25 Eylül 2024 Çarşamba

'Göç, mültecilik ve ayrımcılık sempozyumu' başladı

Kapitalizmle birlikte sistematik bir hal alan göç sorununun tartışılarak çözüm üretmek amacıyla HDK'nin düzenlediği sempozyum başladı. HDK Eşsözcüsü Koçyiğit ve Şenoğlu, sempozyumun göç sorunuyla ilişkilenme konusunda pratik biz özeleştiri olarak görülerek, amacının bu yakıcı soruna çözüm üretmek olduğunu vurguladı

Halkların Demokratik Kongresi'nin (HDK) düzenlediği iki gün sürecek olan "Göç, mültecilik ve ayrımcılık sempozyumu" başladı.

Şişli'de bulunan Kenter Tiyatrosu'nda düzenlenen sempozyuma HDK Eş Sözcüleri Gülistan Kılıç Koçyiğit ve Sedat Şenoğlu, Halkların Demokratik Partisi (HDP) İzmir Milletvekili Serpil Kemalbay ve çok sayıda kişi katıldı.

Moderatörlüğünü Mukaddes Erdoğdu Çelik'in üstlendiği "Kapitalizm, Ulus-Devlet ve Göç" başlıklı oturumda Kenan Kalyon "Kapitalizm Çağında Göç", Patrak Estukyan "Osmanlı ve Türkiye'de Göç Tarihi", Namık Kemal Dinç ise "Osmanlı ve Türkiye'de Devletin Nüfus ve İskan Politikaları" hakkında sunum yaptı.

Açılış konuşmasını yapan HDK Eşsözcüsü Sedat Şenoğlu, Arapça ve Kürtçe selamlama yaptı.

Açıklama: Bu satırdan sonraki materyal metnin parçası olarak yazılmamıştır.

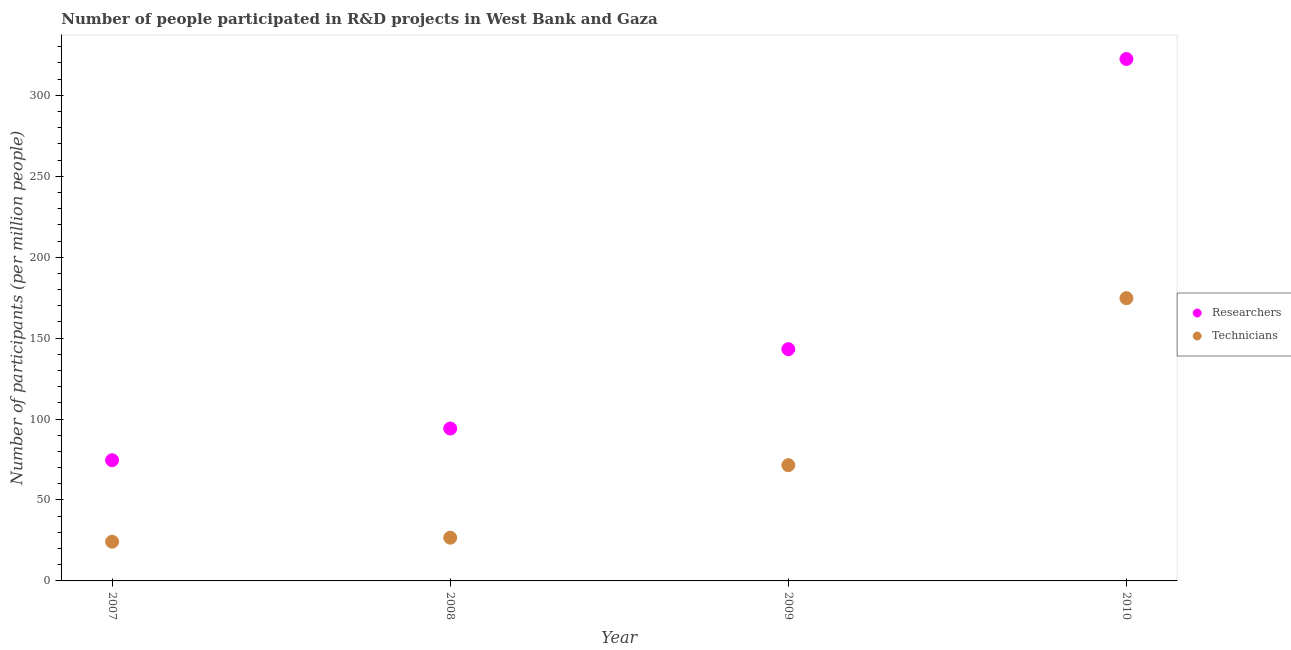What is the number of technicians in 2010?
Provide a short and direct response. 174.68. Across all years, what is the maximum number of researchers?
Keep it short and to the point. 322.46. Across all years, what is the minimum number of researchers?
Your response must be concise. 74.57. In which year was the number of researchers minimum?
Provide a short and direct response. 2007. What is the total number of technicians in the graph?
Your response must be concise. 297.16. What is the difference between the number of technicians in 2008 and that in 2009?
Your answer should be compact. -44.8. What is the difference between the number of technicians in 2007 and the number of researchers in 2009?
Make the answer very short. -118.95. What is the average number of technicians per year?
Offer a terse response. 74.29. In the year 2008, what is the difference between the number of researchers and number of technicians?
Keep it short and to the point. 67.45. In how many years, is the number of technicians greater than 290?
Ensure brevity in your answer.  0. What is the ratio of the number of technicians in 2007 to that in 2009?
Provide a succinct answer. 0.34. Is the number of researchers in 2008 less than that in 2009?
Your answer should be compact. Yes. Is the difference between the number of researchers in 2009 and 2010 greater than the difference between the number of technicians in 2009 and 2010?
Provide a short and direct response. No. What is the difference between the highest and the second highest number of researchers?
Your answer should be compact. 179.27. What is the difference between the highest and the lowest number of researchers?
Offer a terse response. 247.88. In how many years, is the number of technicians greater than the average number of technicians taken over all years?
Your answer should be very brief. 1. Is the number of researchers strictly greater than the number of technicians over the years?
Make the answer very short. Yes. Is the number of technicians strictly less than the number of researchers over the years?
Ensure brevity in your answer.  Yes. How many dotlines are there?
Your answer should be very brief. 2. Are the values on the major ticks of Y-axis written in scientific E-notation?
Provide a short and direct response. No. Does the graph contain any zero values?
Offer a very short reply. No. Where does the legend appear in the graph?
Provide a succinct answer. Center right. How are the legend labels stacked?
Your answer should be very brief. Vertical. What is the title of the graph?
Provide a succinct answer. Number of people participated in R&D projects in West Bank and Gaza. What is the label or title of the X-axis?
Your answer should be very brief. Year. What is the label or title of the Y-axis?
Offer a terse response. Number of participants (per million people). What is the Number of participants (per million people) in Researchers in 2007?
Ensure brevity in your answer.  74.57. What is the Number of participants (per million people) of Technicians in 2007?
Provide a short and direct response. 24.24. What is the Number of participants (per million people) in Researchers in 2008?
Keep it short and to the point. 94.17. What is the Number of participants (per million people) in Technicians in 2008?
Ensure brevity in your answer.  26.72. What is the Number of participants (per million people) in Researchers in 2009?
Give a very brief answer. 143.18. What is the Number of participants (per million people) in Technicians in 2009?
Make the answer very short. 71.52. What is the Number of participants (per million people) in Researchers in 2010?
Offer a terse response. 322.46. What is the Number of participants (per million people) in Technicians in 2010?
Your response must be concise. 174.68. Across all years, what is the maximum Number of participants (per million people) in Researchers?
Provide a succinct answer. 322.46. Across all years, what is the maximum Number of participants (per million people) in Technicians?
Offer a terse response. 174.68. Across all years, what is the minimum Number of participants (per million people) of Researchers?
Your answer should be very brief. 74.57. Across all years, what is the minimum Number of participants (per million people) of Technicians?
Your answer should be compact. 24.24. What is the total Number of participants (per million people) in Researchers in the graph?
Your answer should be very brief. 634.38. What is the total Number of participants (per million people) of Technicians in the graph?
Your answer should be compact. 297.16. What is the difference between the Number of participants (per million people) of Researchers in 2007 and that in 2008?
Your answer should be very brief. -19.6. What is the difference between the Number of participants (per million people) in Technicians in 2007 and that in 2008?
Your response must be concise. -2.48. What is the difference between the Number of participants (per million people) in Researchers in 2007 and that in 2009?
Keep it short and to the point. -68.61. What is the difference between the Number of participants (per million people) in Technicians in 2007 and that in 2009?
Your answer should be very brief. -47.28. What is the difference between the Number of participants (per million people) in Researchers in 2007 and that in 2010?
Ensure brevity in your answer.  -247.88. What is the difference between the Number of participants (per million people) of Technicians in 2007 and that in 2010?
Provide a short and direct response. -150.44. What is the difference between the Number of participants (per million people) of Researchers in 2008 and that in 2009?
Your answer should be compact. -49.01. What is the difference between the Number of participants (per million people) in Technicians in 2008 and that in 2009?
Ensure brevity in your answer.  -44.8. What is the difference between the Number of participants (per million people) in Researchers in 2008 and that in 2010?
Offer a terse response. -228.28. What is the difference between the Number of participants (per million people) in Technicians in 2008 and that in 2010?
Your answer should be compact. -147.96. What is the difference between the Number of participants (per million people) in Researchers in 2009 and that in 2010?
Your answer should be very brief. -179.27. What is the difference between the Number of participants (per million people) in Technicians in 2009 and that in 2010?
Provide a short and direct response. -103.16. What is the difference between the Number of participants (per million people) of Researchers in 2007 and the Number of participants (per million people) of Technicians in 2008?
Provide a short and direct response. 47.85. What is the difference between the Number of participants (per million people) of Researchers in 2007 and the Number of participants (per million people) of Technicians in 2009?
Make the answer very short. 3.05. What is the difference between the Number of participants (per million people) in Researchers in 2007 and the Number of participants (per million people) in Technicians in 2010?
Give a very brief answer. -100.11. What is the difference between the Number of participants (per million people) of Researchers in 2008 and the Number of participants (per million people) of Technicians in 2009?
Provide a short and direct response. 22.65. What is the difference between the Number of participants (per million people) of Researchers in 2008 and the Number of participants (per million people) of Technicians in 2010?
Give a very brief answer. -80.51. What is the difference between the Number of participants (per million people) of Researchers in 2009 and the Number of participants (per million people) of Technicians in 2010?
Your answer should be compact. -31.5. What is the average Number of participants (per million people) in Researchers per year?
Your answer should be very brief. 158.6. What is the average Number of participants (per million people) in Technicians per year?
Offer a very short reply. 74.29. In the year 2007, what is the difference between the Number of participants (per million people) in Researchers and Number of participants (per million people) in Technicians?
Your answer should be very brief. 50.34. In the year 2008, what is the difference between the Number of participants (per million people) in Researchers and Number of participants (per million people) in Technicians?
Your answer should be very brief. 67.45. In the year 2009, what is the difference between the Number of participants (per million people) in Researchers and Number of participants (per million people) in Technicians?
Make the answer very short. 71.66. In the year 2010, what is the difference between the Number of participants (per million people) of Researchers and Number of participants (per million people) of Technicians?
Keep it short and to the point. 147.77. What is the ratio of the Number of participants (per million people) of Researchers in 2007 to that in 2008?
Your answer should be very brief. 0.79. What is the ratio of the Number of participants (per million people) of Technicians in 2007 to that in 2008?
Your response must be concise. 0.91. What is the ratio of the Number of participants (per million people) in Researchers in 2007 to that in 2009?
Your answer should be very brief. 0.52. What is the ratio of the Number of participants (per million people) of Technicians in 2007 to that in 2009?
Provide a succinct answer. 0.34. What is the ratio of the Number of participants (per million people) in Researchers in 2007 to that in 2010?
Offer a terse response. 0.23. What is the ratio of the Number of participants (per million people) of Technicians in 2007 to that in 2010?
Give a very brief answer. 0.14. What is the ratio of the Number of participants (per million people) of Researchers in 2008 to that in 2009?
Provide a short and direct response. 0.66. What is the ratio of the Number of participants (per million people) of Technicians in 2008 to that in 2009?
Make the answer very short. 0.37. What is the ratio of the Number of participants (per million people) in Researchers in 2008 to that in 2010?
Offer a very short reply. 0.29. What is the ratio of the Number of participants (per million people) of Technicians in 2008 to that in 2010?
Provide a short and direct response. 0.15. What is the ratio of the Number of participants (per million people) of Researchers in 2009 to that in 2010?
Offer a terse response. 0.44. What is the ratio of the Number of participants (per million people) in Technicians in 2009 to that in 2010?
Make the answer very short. 0.41. What is the difference between the highest and the second highest Number of participants (per million people) of Researchers?
Your answer should be very brief. 179.27. What is the difference between the highest and the second highest Number of participants (per million people) in Technicians?
Your answer should be compact. 103.16. What is the difference between the highest and the lowest Number of participants (per million people) in Researchers?
Your answer should be very brief. 247.88. What is the difference between the highest and the lowest Number of participants (per million people) in Technicians?
Your response must be concise. 150.44.

Göç sorunun tarihsel kaynaklarına ışık tutmak, yenilemek ve 21. yüzyıl içinde geldiği boyutu çözümlemek ve sorunu gidermek açısından bir perspektif geliştirmek amacıyla sempozyumu düzenlediklerini dile getiren Şenoğlu, "Göç sorununu bugünü var ve geleceği de olacak muhakkak" diye konuştu.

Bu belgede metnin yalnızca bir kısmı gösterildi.